With Nico Q. in the Rip Van Winkle Coffee House explaining how to con whole generations of young readers...

Basically, what I tell him is: "I am slavishly imitating the writing style of Damon Runyon, which I always wish I had invented rather than discovered. None of these kids in The Square even remember what the domino theory was - much less where they were before birth, when JFK died. Damon Runyon is ancient lost knowledge to such children."

Nico Q. says just then, "Who was Damon Runyon?"

Sarcastically, I explain that Damon Runyons are fish in California that come up on the beach at high tide and lay eggs in the sand. "Their tails are shaped like post-hole diggers and they bore into Pismo Beach by spinning rapidly. But you only catch them when the Runyon are grunning."
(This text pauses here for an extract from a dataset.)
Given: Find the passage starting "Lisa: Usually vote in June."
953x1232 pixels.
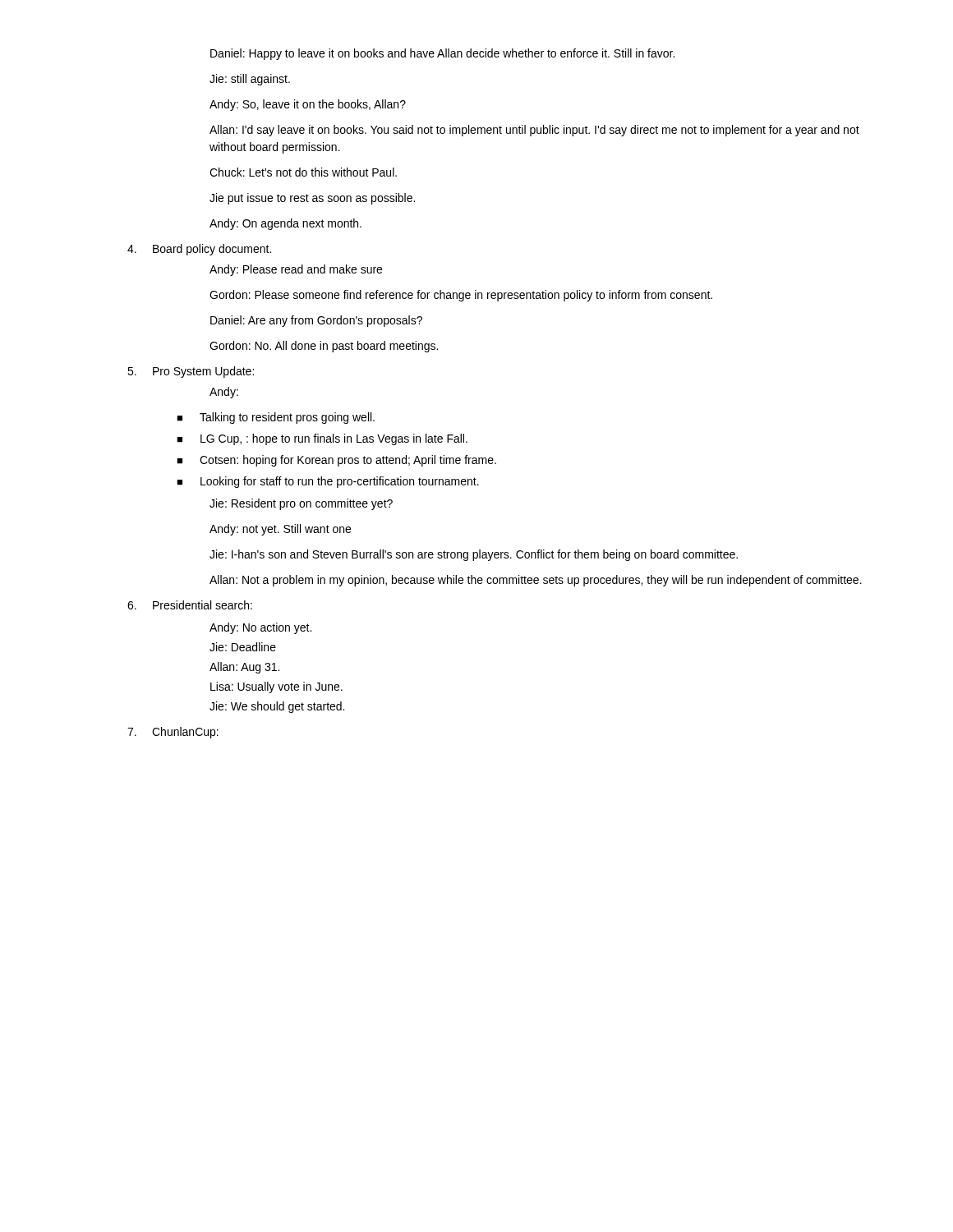Looking at the screenshot, I should pos(276,687).

He's like: "Somewhere before I heard about that."

Now, Nico is a very big, ham-fisted guy even for a gonzo journalist, which he is. Putting him on without any mercy could get me pounded and/or roasted. Therefore I relent. "Damon Runyon is the writer I'm gonna steal jokes from. People will think I'm a literary genius."

"Instead of a criminal genius."

"Exactly. When it comes to getting away with stealing jokes, grave robbery is the best policy. Damon Runyon was a great and lavishly successful writer who has been forgotten along with Hemingway, Shakespeare and Francis Bacon."

"I heard Shakespeare really was Francis Bacon," says Nico.

"I heard he was England's ham. You set yourself up for that one."

Displaying no sense of humor, Nico ignores me. "Yeah, steal a joke from a living genius such as Ivan Stang or Steve Jackson and get sued."

Ivan Stang, in case you don't know, operates a religion for misfits out of Dallas. Steve Jackson is the board game publisher who copyrighted something about the Illuminati and now thinks he owns the eye in the pyramid symbol. Steal a glance at either one and you get sued.

So Nico is like: "I, too, have been contemplating a great swindle. Remember the Million Man March? Next time it will be in Atlanta. Then we party big time. And I will invite babes."

"That con has been thought of already. They called it the Olympic Games. They'll sue you, too."

So he's like: "Okay, I will make it better than the Olympics. I will invite nobody but babes at a time when the dudes won t be here marching."

"Odds like that will make for world-class luck in Little Five."

"That's the idea," he says, like I'm a retard.

Later, slouching deep into Candler park, I say to myself, "Self, you can never write without lying - or it won't be funny enough. So I vow to write an embellished version. But people will think it is true. People think everything is true. Sherlock Holmes. Tara. Kerry Thornley."

So hereby I give my story a subtitle: "Outrageous Lies Thinly Disguised as Fiction."